Валерас не поворачивал головы. Мегандер возмутился и встал перед лицом молодого человека:

— Ты станешь правителем. Правителем Кива, а затем и всего Камнеземья! Эта новость облетит весь свет, каждый министр и каждый нищий будут носить твоё имя в речах!

На миг показалось, что Валерас заинтересовался, Мегандер воспользовался этим и привлёк внимание племянника:

— Я повторю, каждый признает твоё имя: каждый торговец, рыбак, каждый новый гражданин, и… каждый старый друг.

Глаза Валераса заблестели. Он полностью вернулся из состояния отрешения, в его движениях появился азарт. Он встал перед дядей и сильно обнял худого мужчину. Мегандер смеялся, он победил, пойдя на уступки и соглашаясь на условия, но победа стоила любых жертв.
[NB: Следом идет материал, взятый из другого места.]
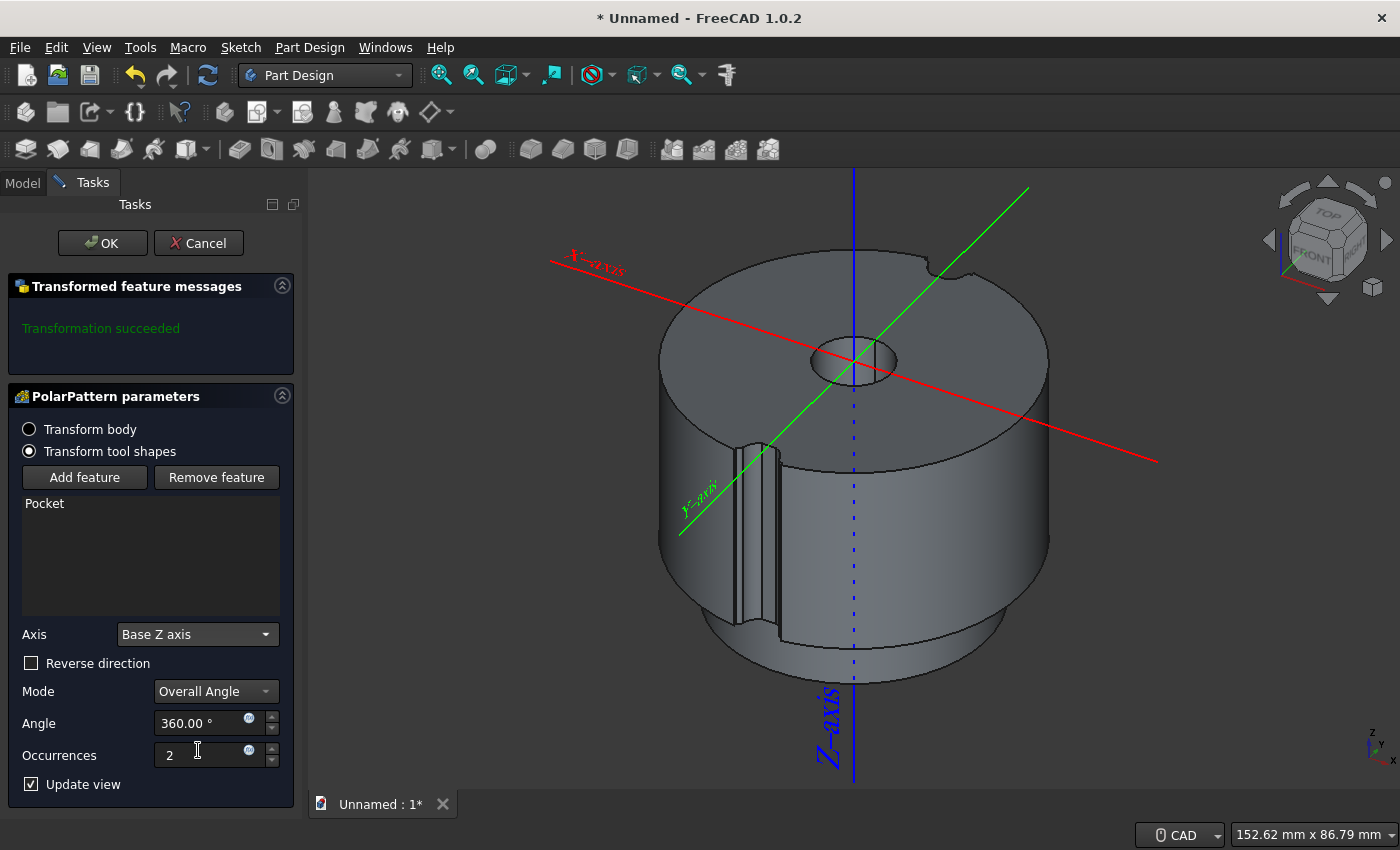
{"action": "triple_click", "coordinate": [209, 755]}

Валерас думал о другом. В благодарность для дяди он сделает всё, что Мегандер прикажет сделать. Лишь одно ему должно возместиться с полна — это месть.

Дом Кроллим стал готовиться к вступлению в должность, мать Валераса заказала сверх дорогое платье, Мегандер предался терпким напиткам и молодым «закускам», а Валерас лихорадочно перебирал ужасные пытки, которыми он сумеет наградить друга Ростислава.

Сам же Ростислав, узнав о грядущих переменах, тут же взмолился перед матерью. Он просил спасти его от неминуемой участи, оградить, протянуть руку. Княгиня, подавленная последними новостями, не теряла головы. Она знала о собственной неприкосновенности, и была готова разделить её с сыном. Они оба решили, что дворец станет их замком, их фортом.

Все значимые фигуры ждали: кто-то подмогу, кто-то кару, кто-то новые перспективы. Анфиса же ждала ответа на свои письма, который всё никак не приходил.

Далеко от столичных страстей, на берегу Мракоморья сидел путник. Он опирался на палку и вдыхал морской воздух. Обожженное лицо обнимал тёплый ветер, а единственный зрячий глаз устремлялся за горизонт, на котором появился статный парусник.